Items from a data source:
|---|
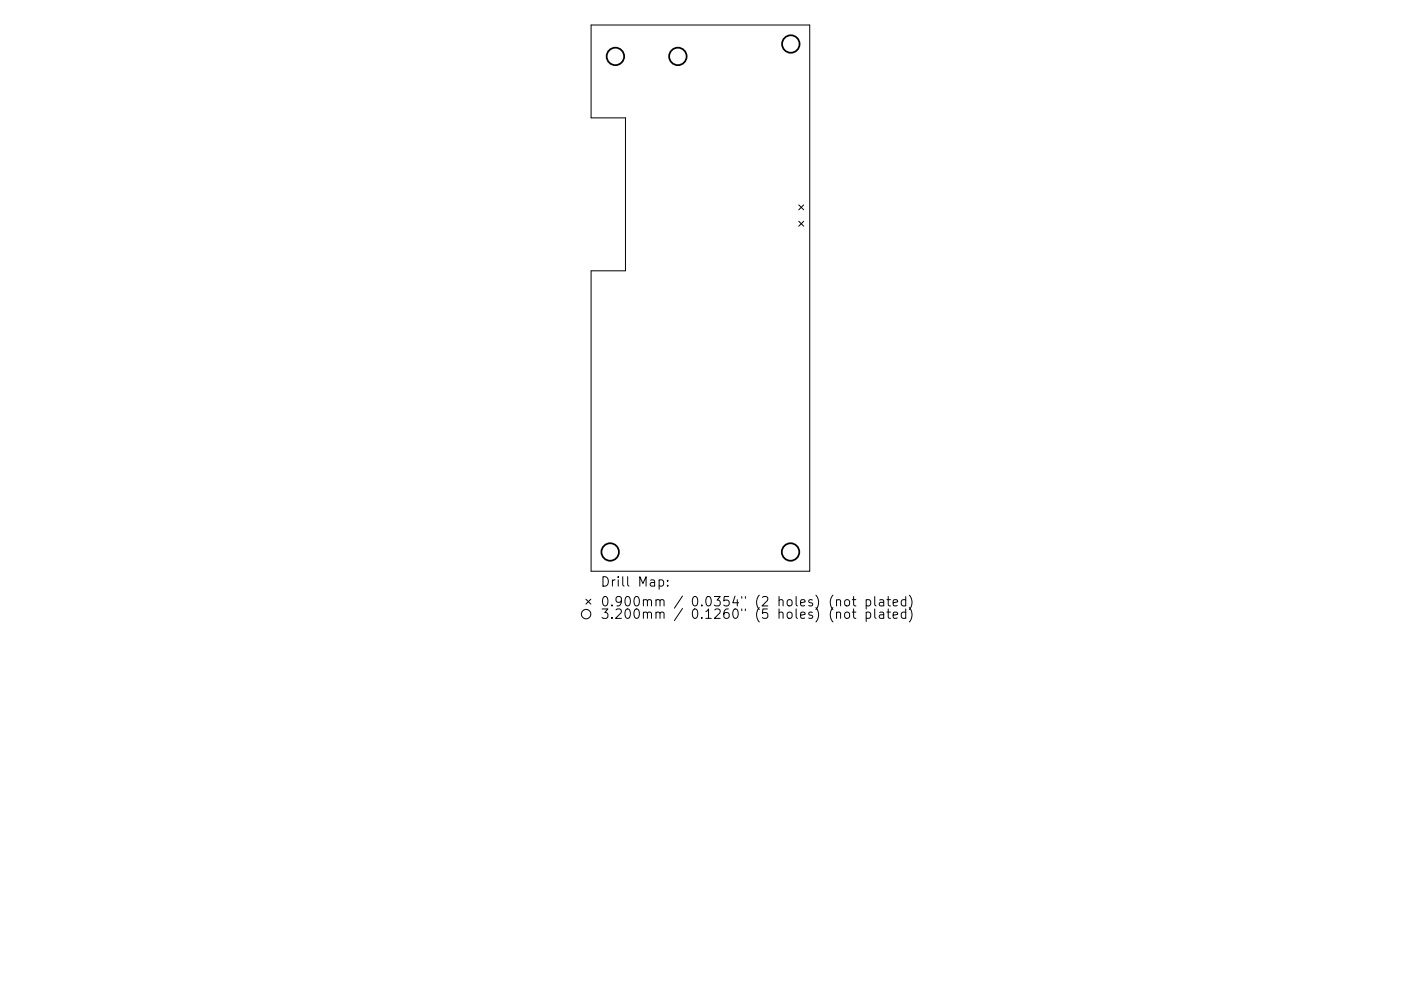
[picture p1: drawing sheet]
<svg xmlns="http://www.w3.org/2000/svg" width="297mm" height="210mm" viewBox="0 0 297 210" stroke-linecap="round" stroke-linejoin="round" font-family="sans-serif">
<defs><g id="words">
<g font-size="2.8">
<text x="127.3" y="124.5">Drill Map:</text>
<text x="127.3" y="128.7">0.900mm / 0.0354&quot; (2 holes) (not plated)</text>
<text x="127.3" y="131.3">3.200mm / 0.1260&quot; (5 holes) (not plated)</text>
</g>
</g></defs>
<g fill="none" stroke="#000" stroke-width=".21">
<path d="M125.3 5.3h46.4v115.9h-46.4v-63.7h7.3v-32.5h-7.3zM169.4 43.5l1 1M169.4 46.9l1 1.1M170.4 43.5l-1 1M170.4 46.9l-1 1.1M124.2 127.1l1.1 1.1M125.3 127.1l-1.1 1.1M139.7 123.1l.6-.1 .4 .4v.6l-.2 .3h-.8M141.6 124.2v.2M141.6 123.1v.2M177.4 127.4l.3-.2 .4 .1 .1 1.3M177.4 130.1a.5 .5 0 0 1 .8 0v1.1"/>
<path d="M179.2 127.4l.3-.2a.54 .54 0 0 1 .6 .4v.6a.54 .54 0 0 1-.5 .4 .54 .54 0 0 1-.5-.4zM179.2 130.1a.54 .54 0 0 1 .5-.2 .54 .54 0 0 1 .4 .3v.6a.54 .54 0 0 1-.5 .4 .54 .54 0 0 1-.5-.4zM180.7 127.2h.8M180.7 129.9h.8M181 126.6v1.7l.1 .2 .4 .1M181 129.2v1.7l.1 .2 .4 .1M183.7 127.3l.5-.1 .4 .4v.6l-.2 .3h-.7M183.7 130l.5-.1 .4 .3v.6l-.2 .3h-.7M183.7 127.2v2M183.7 129.9v2M185.5 126.6v1.7l.2 .3M185.5 129.2v1.7l.2 .3"/>
<path d="M186.5 127.3h.8l.1 1.3M186.5 130h.8l.1 1.2M187.4 127.7l-.7 .1a.39 .39 0 0 0-.3 .4 .39 .39 0 0 0 .3 .4l.7-.1M187.4 130.3l-.7 .1a.39 .39 0 0 0-.3 .4 .39 .39 0 0 0 .3 .4l.7-.1M188 127.2h.8M188 129.9h.8M188.3 126.6v1.7l.1 .2 .4 .1M188.3 129.2v1.7l.1 .2 .4 .1M189.4 127.9l.9-.2-.1-.4-.5-.1-.3 .3 .1 1h.7M189.4 130.5l.9-.2-.1-.3-.5-.1-.3 .2 .1 1h.7M192 127.3l-.5-.1-.4 .4v.6l.2 .3h.7M192 130l-.5-.1-.4 .3v.6l.2 .3h.7"/>
<path d="M192 126.6v2M192 129.2v2M192.8 126.3a2.29 2.29 0 0 1 0 3M192.8 128.9a2.29 2.29 0 0 1 0 3.1"/>
<circle cx="124.3" cy="130.3" r="1"/>
</g>
<g fill="none" stroke="#000" stroke-width=".37">
<circle cx="130.5" cy="12" r="1.85"/>
<circle cx="143.7" cy="12" r="1.85"/>
<circle cx="167.7" cy="9.3" r="1.85"/>
<circle cx="129.4" cy="117.1" r="1.85"/>
<circle cx="167.6" cy="117.1" r="1.85"/>
</g>
<use href="#words"/>
</svg>
|---|
Work required. Keep every word of the lines above unchanged in the copy, and omit the pictures.

Task answer.
[picture p1: drawing sheet]
<svg xmlns="http://www.w3.org/2000/svg" width="297mm" height="210mm" viewBox="0 0 297 210" stroke-linecap="round" stroke-linejoin="round" font-family="sans-serif">
<defs><g id="words">
<g font-size="2.8">
<text x="127.3" y="124.5">Drill Map:</text>
<text x="127.3" y="128.7">0.900mm / 0.0354&quot; (2 holes) (not plated)</text>
<text x="127.3" y="131.3">3.200mm / 0.1260&quot; (5 holes) (not plated)</text>
</g>
</g></defs>
<g fill="none" stroke="#000" stroke-width=".21">
<path d="M125.3 5.3h46.4v115.9h-46.4v-63.7h7.3v-32.5h-7.3zM169.4 43.5l1 1M169.4 46.9l1 1.1M170.4 43.5l-1 1M170.4 46.9l-1 1.1M124.2 127.1l1.1 1.1M125.3 127.1l-1.1 1.1M139.7 123.1l.6-.1 .4 .4v.6l-.2 .3h-.8M141.6 124.2v.2M141.6 123.1v.2M177.4 127.4l.3-.2 .4 .1 .1 1.3M177.4 130.1a.5 .5 0 0 1 .8 0v1.1"/>
<path d="M179.2 127.4l.3-.2a.54 .54 0 0 1 .6 .4v.6a.54 .54 0 0 1-.5 .4 .54 .54 0 0 1-.5-.4zM179.2 130.1a.54 .54 0 0 1 .5-.2 .54 .54 0 0 1 .4 .3v.6a.54 .54 0 0 1-.5 .4 .54 .54 0 0 1-.5-.4zM180.7 127.2h.8M180.7 129.9h.8M181 126.6v1.7l.1 .2 .4 .1M181 129.2v1.7l.1 .2 .4 .1M183.7 127.3l.5-.1 .4 .4v.6l-.2 .3h-.7M183.7 130l.5-.1 .4 .3v.6l-.2 .3h-.7M183.7 127.2v2M183.7 129.9v2M185.5 126.6v1.7l.2 .3M185.5 129.2v1.7l.2 .3"/>
<path d="M186.5 127.3h.8l.1 1.3M186.5 130h.8l.1 1.2M187.4 127.7l-.7 .1a.39 .39 0 0 0-.3 .4 .39 .39 0 0 0 .3 .4l.7-.1M187.4 130.3l-.7 .1a.39 .39 0 0 0-.3 .4 .39 .39 0 0 0 .3 .4l.7-.1M188 127.2h.8M188 129.9h.8M188.3 126.6v1.7l.1 .2 .4 .1M188.3 129.2v1.7l.1 .2 .4 .1M189.4 127.9l.9-.2-.1-.4-.5-.1-.3 .3 .1 1h.7M189.4 130.5l.9-.2-.1-.3-.5-.1-.3 .2 .1 1h.7M192 127.3l-.5-.1-.4 .4v.6l.2 .3h.7M192 130l-.5-.1-.4 .3v.6l.2 .3h.7"/>
<path d="M192 126.6v2M192 129.2v2M192.8 126.3a2.29 2.29 0 0 1 0 3M192.8 128.9a2.29 2.29 0 0 1 0 3.1"/>
<circle cx="124.3" cy="130.3" r="1"/>
</g>
<g fill="none" stroke="#000" stroke-width=".37">
<circle cx="130.5" cy="12" r="1.85"/>
<circle cx="143.7" cy="12" r="1.85"/>
<circle cx="167.7" cy="9.3" r="1.85"/>
<circle cx="129.4" cy="117.1" r="1.85"/>
<circle cx="167.6" cy="117.1" r="1.85"/>
</g>
<use href="#words"/>
</svg>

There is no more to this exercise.